## [What is being asked]
Output the data verbatim, minus the images.

## [Information provided]
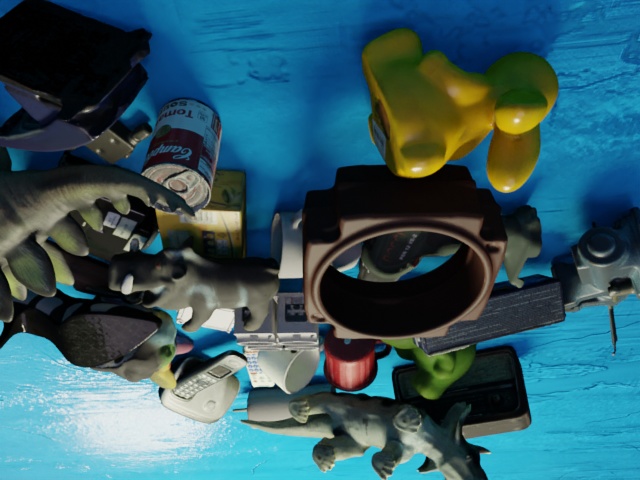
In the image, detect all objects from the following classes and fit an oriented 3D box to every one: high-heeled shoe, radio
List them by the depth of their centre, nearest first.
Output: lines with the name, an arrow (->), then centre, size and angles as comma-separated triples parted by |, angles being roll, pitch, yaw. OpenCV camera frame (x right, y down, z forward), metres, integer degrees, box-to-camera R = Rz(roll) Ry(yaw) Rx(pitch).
high-heeled shoe -> -0.322, 0.097, 0.734 | 0.249, 0.145, 0.086 | -5, 117, 3
radio -> 0.250, 0.281, 0.959 | 0.230, 0.131, 0.073 | -18, 139, 20

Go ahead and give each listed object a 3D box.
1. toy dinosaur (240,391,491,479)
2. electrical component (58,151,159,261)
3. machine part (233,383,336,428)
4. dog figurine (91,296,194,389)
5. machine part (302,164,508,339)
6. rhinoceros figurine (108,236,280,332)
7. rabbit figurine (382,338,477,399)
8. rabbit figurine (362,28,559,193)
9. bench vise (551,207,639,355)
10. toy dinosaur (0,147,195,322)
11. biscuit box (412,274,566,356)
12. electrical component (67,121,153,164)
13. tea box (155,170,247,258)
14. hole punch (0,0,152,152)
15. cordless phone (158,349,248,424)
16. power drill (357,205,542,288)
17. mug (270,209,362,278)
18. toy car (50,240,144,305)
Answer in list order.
toy dinosaur -> 0.084, 0.303, 0.873 | 0.405, 0.131, 0.192 | 4, 170, 32
electrical component -> -0.257, -0.033, 0.636 | 0.134, 0.058, 0.115 | 25, 136, -27
machine part -> -0.052, 0.324, 1.053 | 0.243, 0.079, 0.079 | -7, 140, 9
dog figurine -> -0.256, 0.168, 0.822 | 0.192, 0.108, 0.219 | 7, 157, 29
machine part -> 0.081, 0.021, 0.572 | 0.201, 0.087, 0.201 | 0, 134, -2
rhinoceros figurine -> -0.142, 0.049, 0.616 | 0.190, 0.073, 0.112 | 5, 141, -8
rabbit figurine -> 0.164, 0.148, 0.807 | 0.159, 0.121, 0.170 | -34, 133, 25
rabbit figurine -> 0.138, -0.123, 0.479 | 0.173, 0.162, 0.121 | -16, 128, -9
bench vise -> 0.422, 0.033, 0.676 | 0.241, 0.129, 0.223 | -16, 140, 24
toy dinosaur -> -0.336, -0.022, 0.550 | 0.472, 0.105, 0.198 | -15, 107, 28
biscuit box -> 0.223, 0.096, 0.719 | 0.203, 0.059, 0.062 | -11, 97, -8
electrical component -> -0.228, -0.110, 0.571 | 0.094, 0.021, 0.063 | -24, 135, 26
tea box -> -0.140, -0.006, 0.661 | 0.098, 0.068, 0.169 | 4, 141, -6
hole punch -> -0.219, -0.131, 0.467 | 0.116, 0.142, 0.092 | 19, 137, -1
cordless phone -> -0.180, 0.248, 0.960 | 0.184, 0.089, 0.146 | -30, 132, 25
power drill -> 0.157, 0.011, 0.685 | 0.207, 0.086, 0.231 | 8, 138, 2
mug -> -0.001, -0.002, 0.666 | 0.107, 0.081, 0.109 | 2, 138, -18
toy car -> -0.312, 0.038, 0.696 | 0.202, 0.053, 0.089 | 30, 169, -32
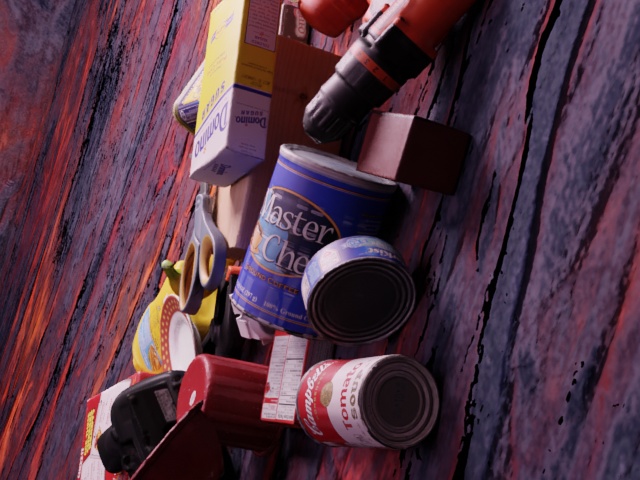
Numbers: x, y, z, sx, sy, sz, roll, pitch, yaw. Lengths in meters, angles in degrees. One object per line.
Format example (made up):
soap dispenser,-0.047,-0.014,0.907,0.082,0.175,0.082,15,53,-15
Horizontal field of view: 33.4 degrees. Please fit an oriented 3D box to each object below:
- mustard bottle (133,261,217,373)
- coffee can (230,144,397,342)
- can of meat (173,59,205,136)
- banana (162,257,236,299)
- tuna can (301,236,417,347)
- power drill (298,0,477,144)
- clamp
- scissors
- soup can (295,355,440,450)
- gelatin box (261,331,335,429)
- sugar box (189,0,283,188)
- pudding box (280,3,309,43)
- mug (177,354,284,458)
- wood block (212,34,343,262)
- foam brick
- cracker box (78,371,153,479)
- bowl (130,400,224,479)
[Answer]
mustard bottle,-0.179,0.112,1.273,0.192,0.058,0.096,-50,49,44
coffee can,-0.006,0.001,0.901,0.103,0.102,0.140,43,116,64
can of meat,-0.099,-0.161,1.134,0.102,0.057,0.084,-58,23,-17
banana,-0.112,0.014,1.137,0.197,0.037,0.070,-52,-24,-57
tuna can,0.029,0.039,0.822,0.086,0.086,0.034,-62,25,28
power drill,0.039,-0.182,0.914,0.184,0.057,0.188,-44,33,12
clamp,-0.099,0.095,1.118,0.120,0.039,0.171,-127,47,-56
scissors,-0.104,-0.029,1.014,0.096,0.016,0.202,-15,65,61
soup can,0.034,0.120,0.788,0.102,0.068,0.068,-17,61,62
gelatin box,-0.019,0.123,0.951,0.073,0.030,0.089,-14,65,62
sugar box,-0.078,-0.146,0.990,0.093,0.048,0.176,-28,51,59
pudding box,-0.050,-0.194,1.191,0.090,0.039,0.113,-29,50,59
mug,-0.090,0.155,1.024,0.117,0.081,0.093,-1,76,66
wood block,-0.039,-0.080,1.036,0.090,0.090,0.206,-9,68,64
foam brick,0.072,-0.068,0.832,0.078,0.053,0.051,25,99,67
cracker box,-0.232,0.260,1.290,0.214,0.072,0.164,-33,49,58
bowl,-0.130,0.215,0.904,0.162,0.055,0.162,-53,-4,-5
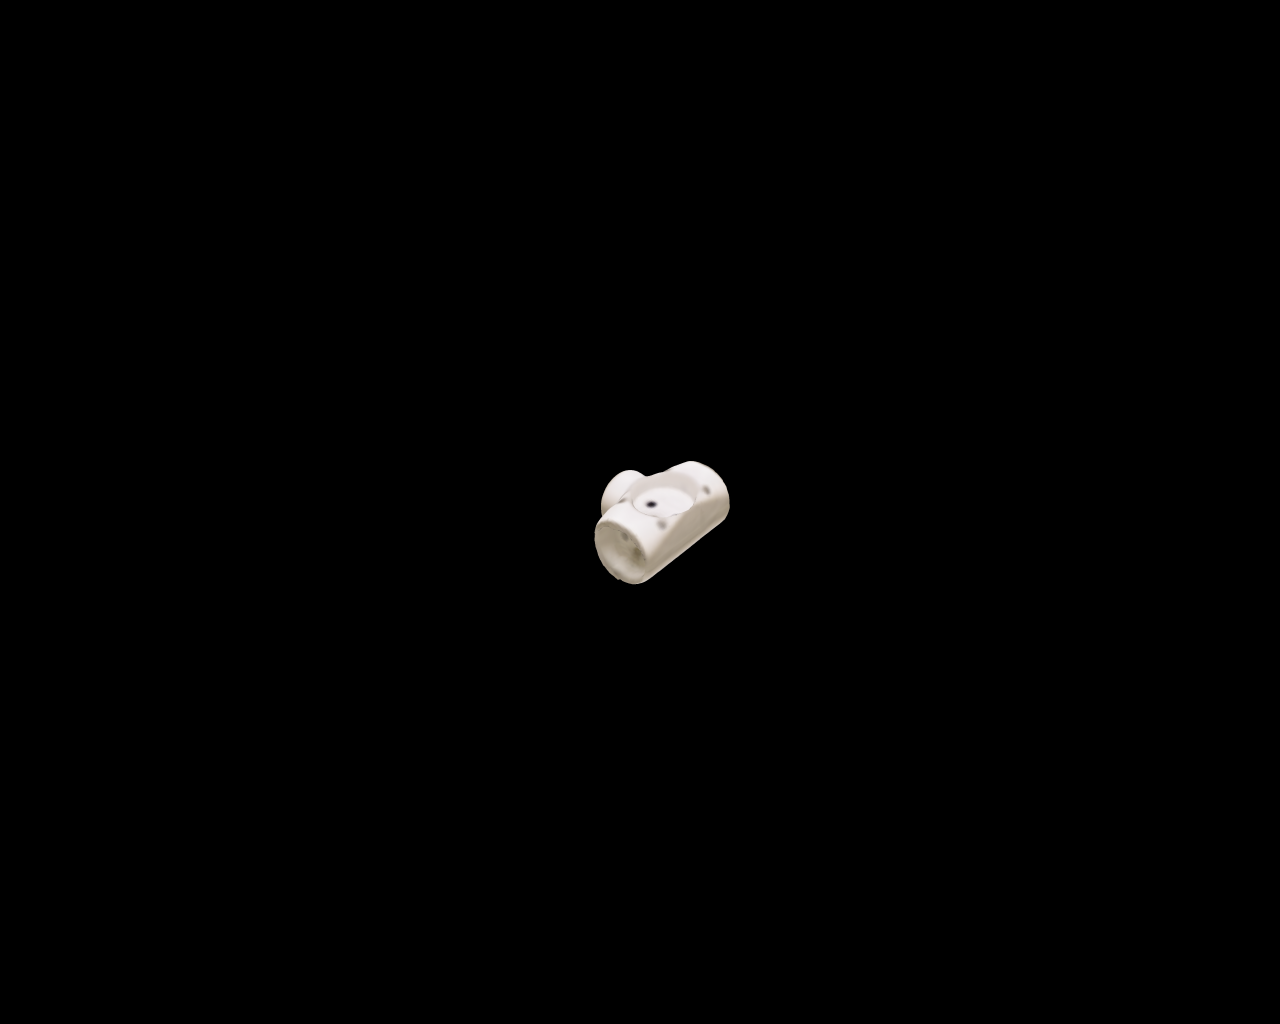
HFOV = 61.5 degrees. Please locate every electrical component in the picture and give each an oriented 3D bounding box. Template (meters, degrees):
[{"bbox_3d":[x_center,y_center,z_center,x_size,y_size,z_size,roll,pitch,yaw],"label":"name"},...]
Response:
[{"bbox_3d":[0.001,-0.003,0.650,0.079,0.044,0.077,31,49,31],"label":"electrical component"}]
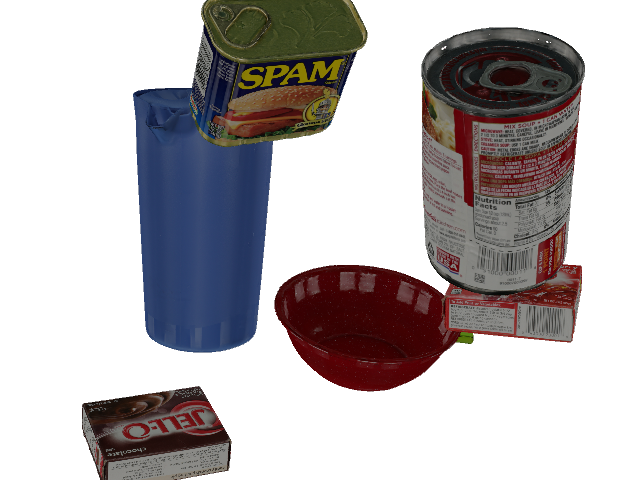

## [Solved exercise]
In the image, detect all objects from the following classes and fit an oriented 3D box to every one: high-heeled shoe, radio
List them by the depth of their centre, nearest first.
Output: lines with the name, an arrow (->), then centre, size and angles as comma-separated triples parted by |, angles being roll, pitch, yaw. OpenCV camera frame (x right, y down, z forward), metres, integer degrees, box-to-camera R = Rz(roll) Ry(yaw) Rx(pitch).
high-heeled shoe -> -0.322, 0.097, 0.734 | 0.249, 0.145, 0.086 | -5, 117, 3
radio -> 0.250, 0.281, 0.959 | 0.230, 0.131, 0.073 | -18, 139, 20

Go ahead and give each listed object a 3D box.
1. toy dinosaur (240,391,491,479)
2. electrical component (58,151,159,261)
3. machine part (233,383,336,428)
4. dog figurine (91,296,194,389)
5. machine part (302,164,508,339)
6. rhinoceros figurine (108,236,280,332)
7. rabbit figurine (382,338,477,399)
8. rabbit figurine (362,28,559,193)
9. bench vise (551,207,639,355)
10. toy dinosaur (0,147,195,322)
11. biscuit box (412,274,566,356)
12. electrical component (67,121,153,164)
13. tea box (155,170,247,258)
14. hole punch (0,0,152,152)
15. cordless phone (158,349,248,424)
16. power drill (357,205,542,288)
17. mug (270,209,362,278)
18. toy car (50,240,144,305)
Answer in list order.
toy dinosaur -> 0.084, 0.303, 0.873 | 0.405, 0.131, 0.192 | 4, 170, 32
electrical component -> -0.257, -0.033, 0.636 | 0.134, 0.058, 0.115 | 25, 136, -27
machine part -> -0.052, 0.324, 1.053 | 0.243, 0.079, 0.079 | -7, 140, 9
dog figurine -> -0.256, 0.168, 0.822 | 0.192, 0.108, 0.219 | 7, 157, 29
machine part -> 0.081, 0.021, 0.572 | 0.201, 0.087, 0.201 | 0, 134, -2
rhinoceros figurine -> -0.142, 0.049, 0.616 | 0.190, 0.073, 0.112 | 5, 141, -8
rabbit figurine -> 0.164, 0.148, 0.807 | 0.159, 0.121, 0.170 | -34, 133, 25
rabbit figurine -> 0.138, -0.123, 0.479 | 0.173, 0.162, 0.121 | -16, 128, -9
bench vise -> 0.422, 0.033, 0.676 | 0.241, 0.129, 0.223 | -16, 140, 24
toy dinosaur -> -0.336, -0.022, 0.550 | 0.472, 0.105, 0.198 | -15, 107, 28
biscuit box -> 0.223, 0.096, 0.719 | 0.203, 0.059, 0.062 | -11, 97, -8
electrical component -> -0.228, -0.110, 0.571 | 0.094, 0.021, 0.063 | -24, 135, 26
tea box -> -0.140, -0.006, 0.661 | 0.098, 0.068, 0.169 | 4, 141, -6
hole punch -> -0.219, -0.131, 0.467 | 0.116, 0.142, 0.092 | 19, 137, -1
cordless phone -> -0.180, 0.248, 0.960 | 0.184, 0.089, 0.146 | -30, 132, 25
power drill -> 0.157, 0.011, 0.685 | 0.207, 0.086, 0.231 | 8, 138, 2
mug -> -0.001, -0.002, 0.666 | 0.107, 0.081, 0.109 | 2, 138, -18
toy car -> -0.312, 0.038, 0.696 | 0.202, 0.053, 0.089 | 30, 169, -32
Numbers: x, y, z, sx, sy, sz, roll, pitch, yaw. Lengths in meters, angles in degrees. One object per line.
Format example (made up):
soap dispenser,-0.047,-0.014,0.907,0.082,0.175,0.082,15,53,-15
Horizontal field of view: 33.4 degrees. Please fit an oriented 3D box to each object below:
- mustard bottle (133,261,217,373)
- coffee can (230,144,397,342)
- can of meat (173,59,205,136)
- banana (162,257,236,299)
- tuna can (301,236,417,347)
- power drill (298,0,477,144)
- clamp
- scissors
- soup can (295,355,440,450)
- gelatin box (261,331,335,429)
- sugar box (189,0,283,188)
- pudding box (280,3,309,43)
- mug (177,354,284,458)
- wood block (212,34,343,262)
- foam brick
- cracker box (78,371,153,479)
- bowl (130,400,224,479)
[Answer]
mustard bottle,-0.179,0.112,1.273,0.192,0.058,0.096,-50,49,44
coffee can,-0.006,0.001,0.901,0.103,0.102,0.140,43,116,64
can of meat,-0.099,-0.161,1.134,0.102,0.057,0.084,-58,23,-17
banana,-0.112,0.014,1.137,0.197,0.037,0.070,-52,-24,-57
tuna can,0.029,0.039,0.822,0.086,0.086,0.034,-62,25,28
power drill,0.039,-0.182,0.914,0.184,0.057,0.188,-44,33,12
clamp,-0.099,0.095,1.118,0.120,0.039,0.171,-127,47,-56
scissors,-0.104,-0.029,1.014,0.096,0.016,0.202,-15,65,61
soup can,0.034,0.120,0.788,0.102,0.068,0.068,-17,61,62
gelatin box,-0.019,0.123,0.951,0.073,0.030,0.089,-14,65,62
sugar box,-0.078,-0.146,0.990,0.093,0.048,0.176,-28,51,59
pudding box,-0.050,-0.194,1.191,0.090,0.039,0.113,-29,50,59
mug,-0.090,0.155,1.024,0.117,0.081,0.093,-1,76,66
wood block,-0.039,-0.080,1.036,0.090,0.090,0.206,-9,68,64
foam brick,0.072,-0.068,0.832,0.078,0.053,0.051,25,99,67
cracker box,-0.232,0.260,1.290,0.214,0.072,0.164,-33,49,58
bowl,-0.130,0.215,0.904,0.162,0.055,0.162,-53,-4,-5
HFOV = 61.5 degrees. Please locate every electrical component in the picture and give each an oriented 3D bounding box. Template (meters, degrees):
[{"bbox_3d":[x_center,y_center,z_center,x_size,y_size,z_size,roll,pitch,yaw],"label":"name"},...]
Response:
[{"bbox_3d":[0.001,-0.003,0.650,0.079,0.044,0.077,31,49,31],"label":"electrical component"}]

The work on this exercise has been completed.